### [Work required]
With every picture left out, give the data below back exactly.

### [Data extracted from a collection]
'''

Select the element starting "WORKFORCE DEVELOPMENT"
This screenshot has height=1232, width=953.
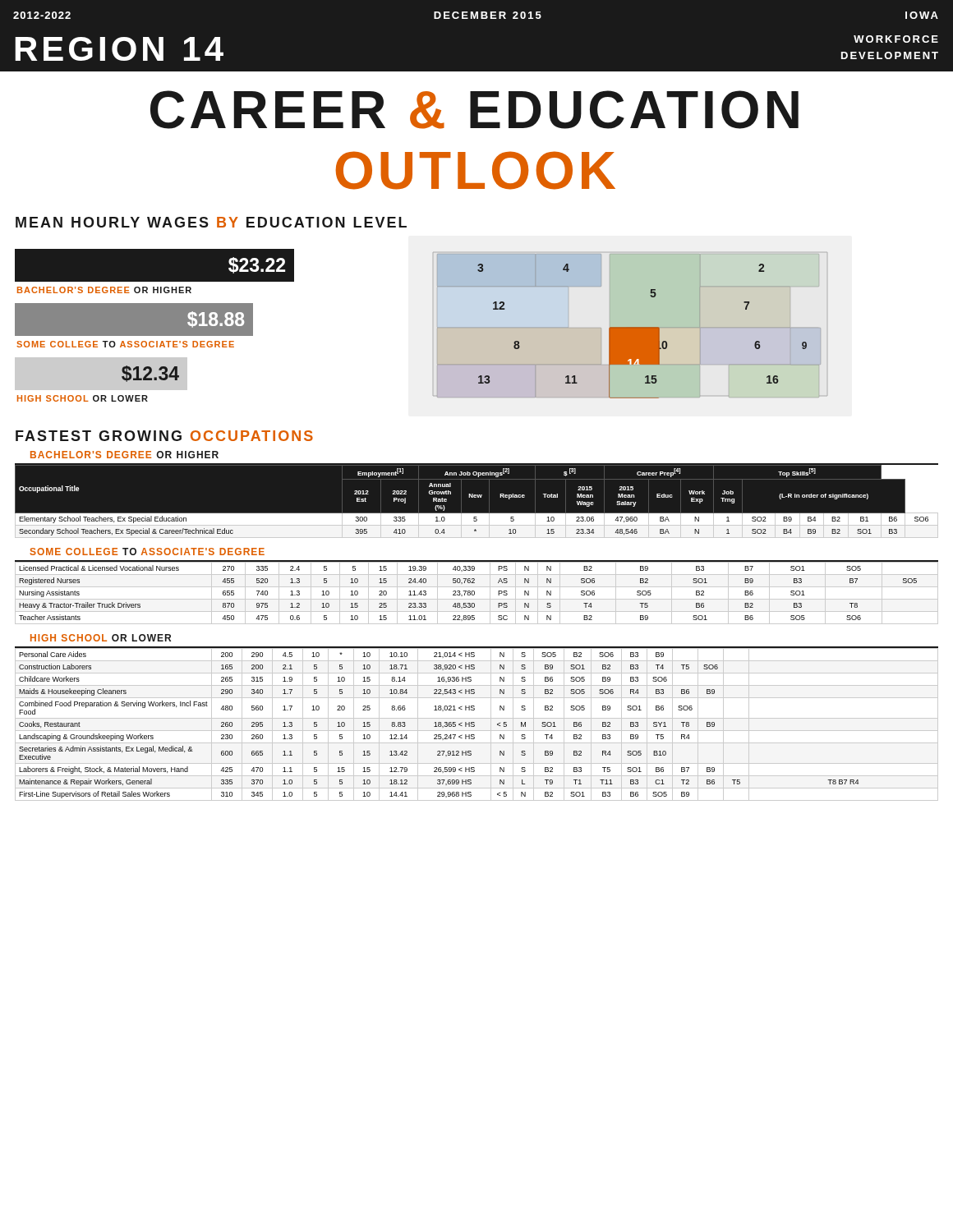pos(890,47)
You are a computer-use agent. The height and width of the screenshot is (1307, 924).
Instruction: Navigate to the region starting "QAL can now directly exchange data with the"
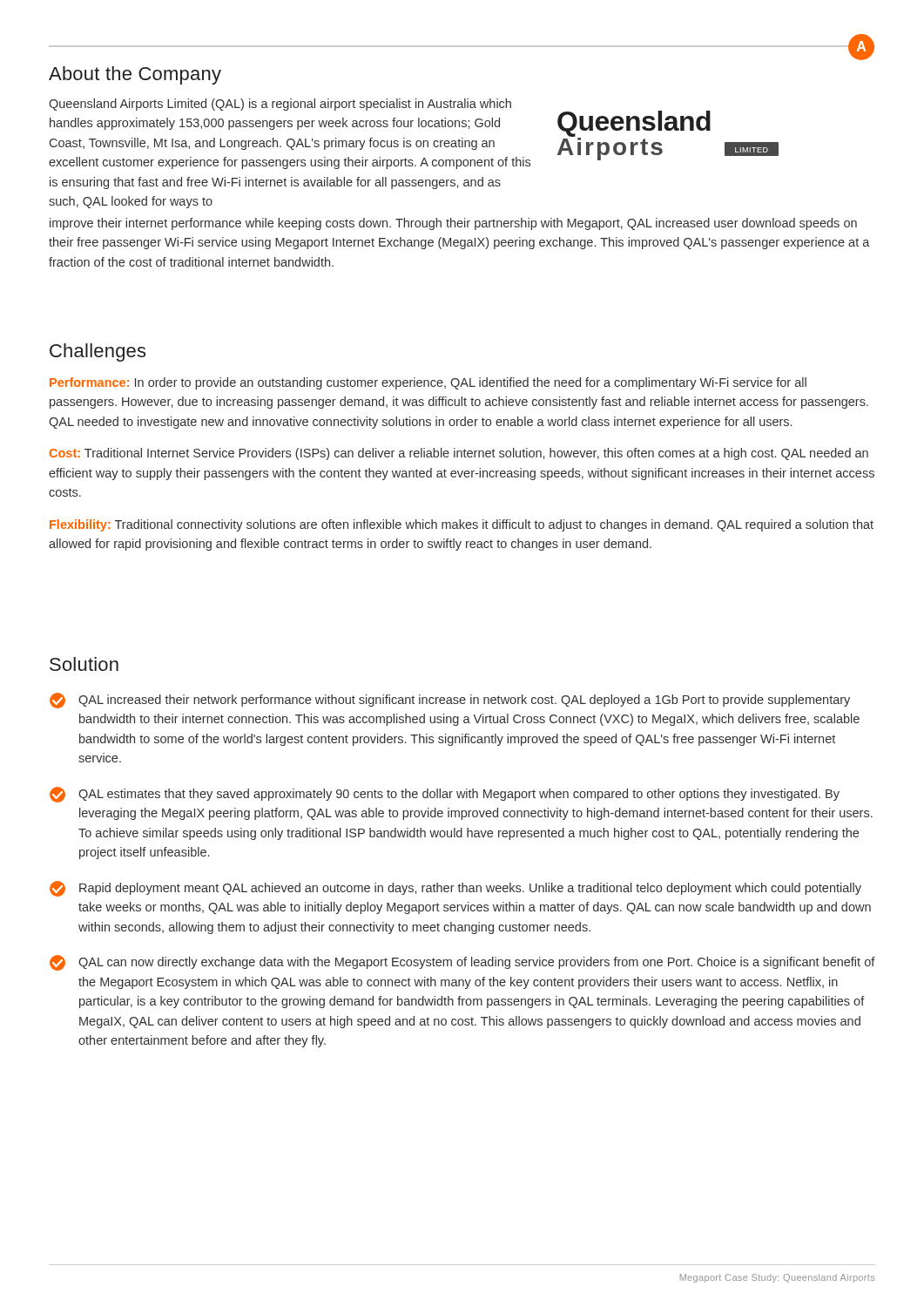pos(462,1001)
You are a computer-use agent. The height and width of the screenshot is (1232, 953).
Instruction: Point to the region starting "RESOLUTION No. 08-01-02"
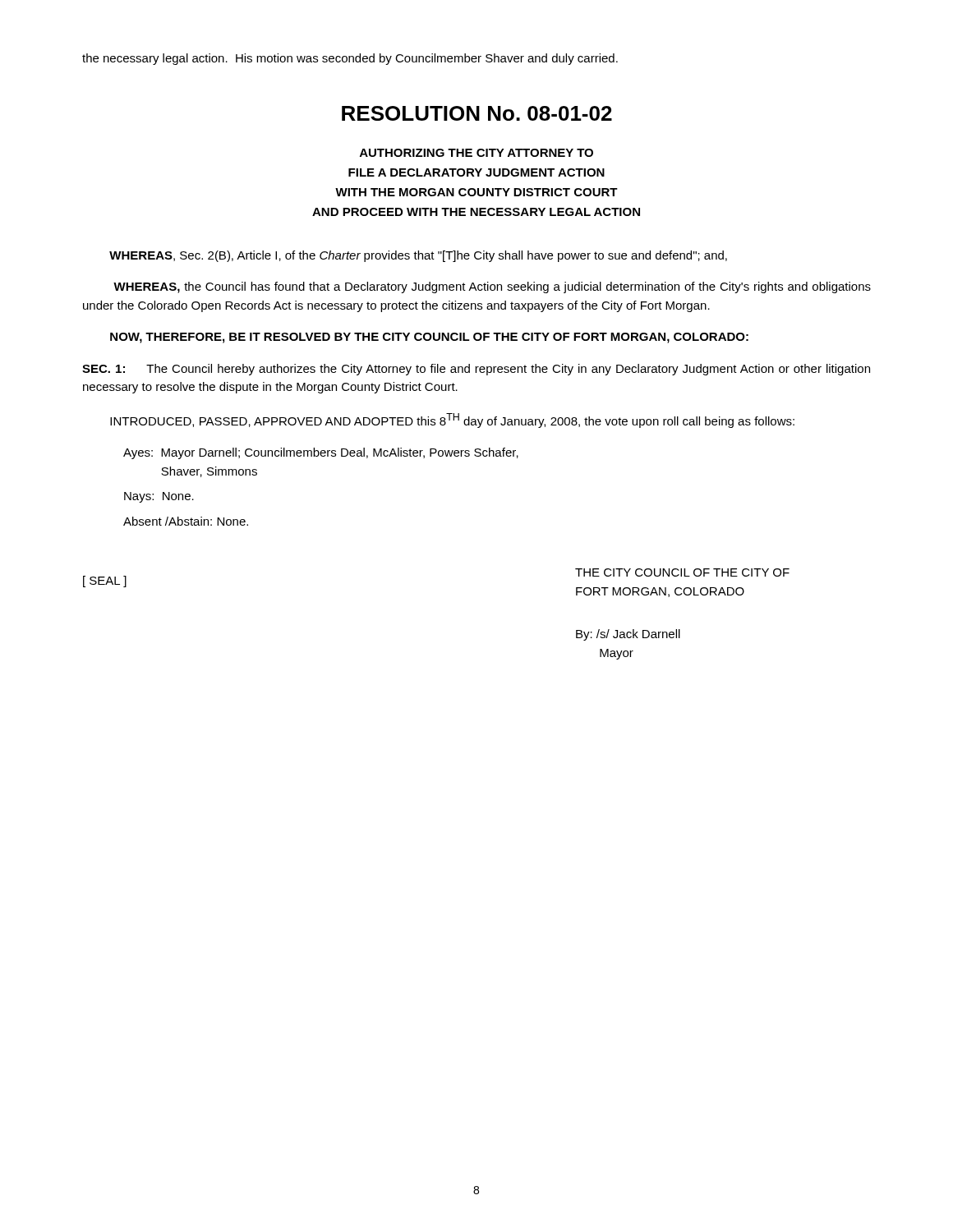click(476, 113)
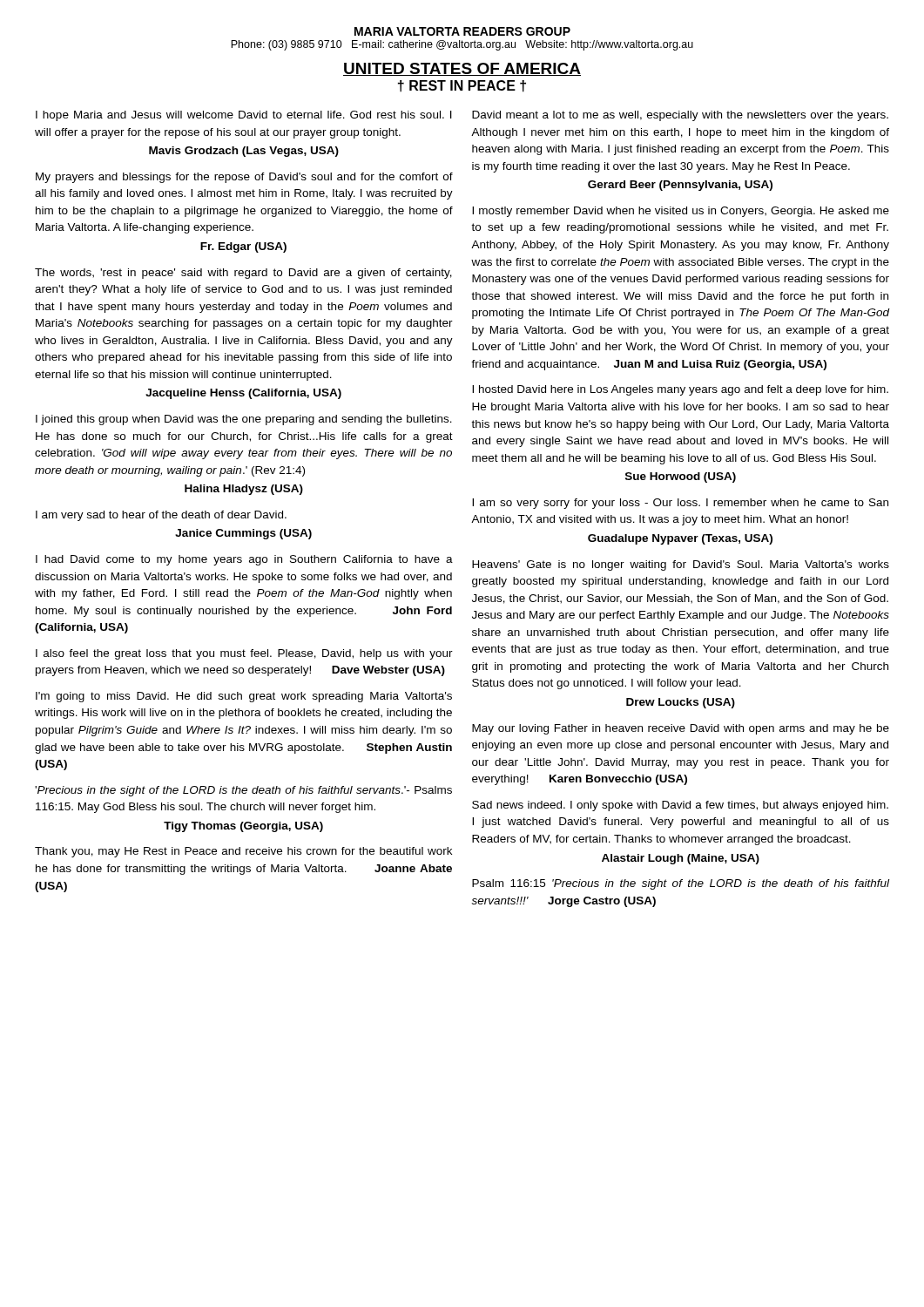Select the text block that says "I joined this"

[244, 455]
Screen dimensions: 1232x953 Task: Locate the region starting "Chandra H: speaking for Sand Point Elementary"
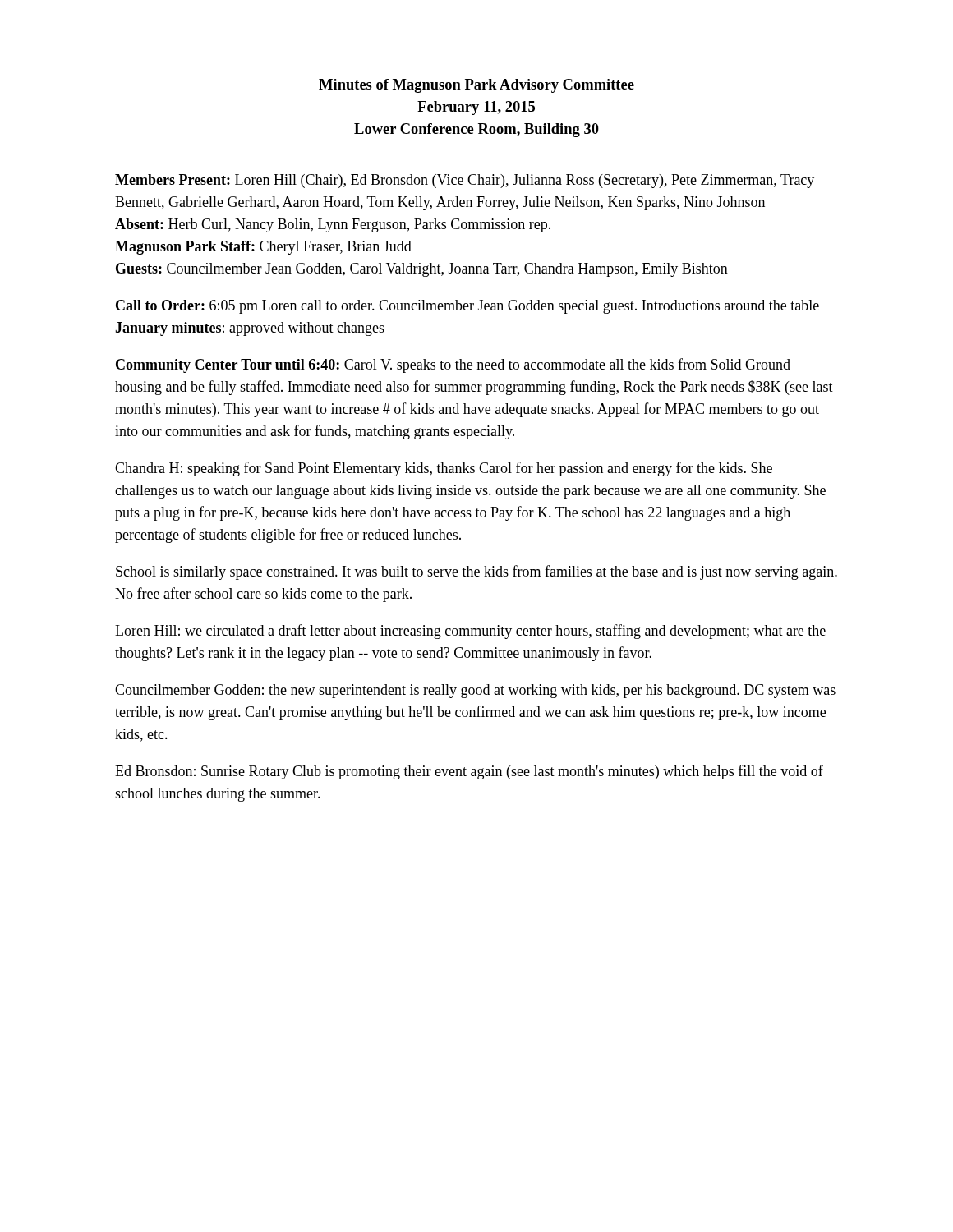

'''

### [Response to this exercise]
Select the element starting "WORKFORCE DEVELOPMENT"
This screenshot has height=1232, width=953.
pos(890,47)
You are a computer-use agent. The height and width of the screenshot is (1307, 924).
Instruction: Navigate to the region starting "QAL can now directly exchange data with the"
pos(462,1001)
You are a computer-use agent. The height and width of the screenshot is (1232, 953).
Instruction: Point to the region starting "RESOLUTION No. 08-01-02"
click(476, 113)
Select the text block that says "I joined this"

[244, 455]
Screen dimensions: 1232x953 Task: Locate the region starting "Chandra H: speaking for Sand Point Elementary"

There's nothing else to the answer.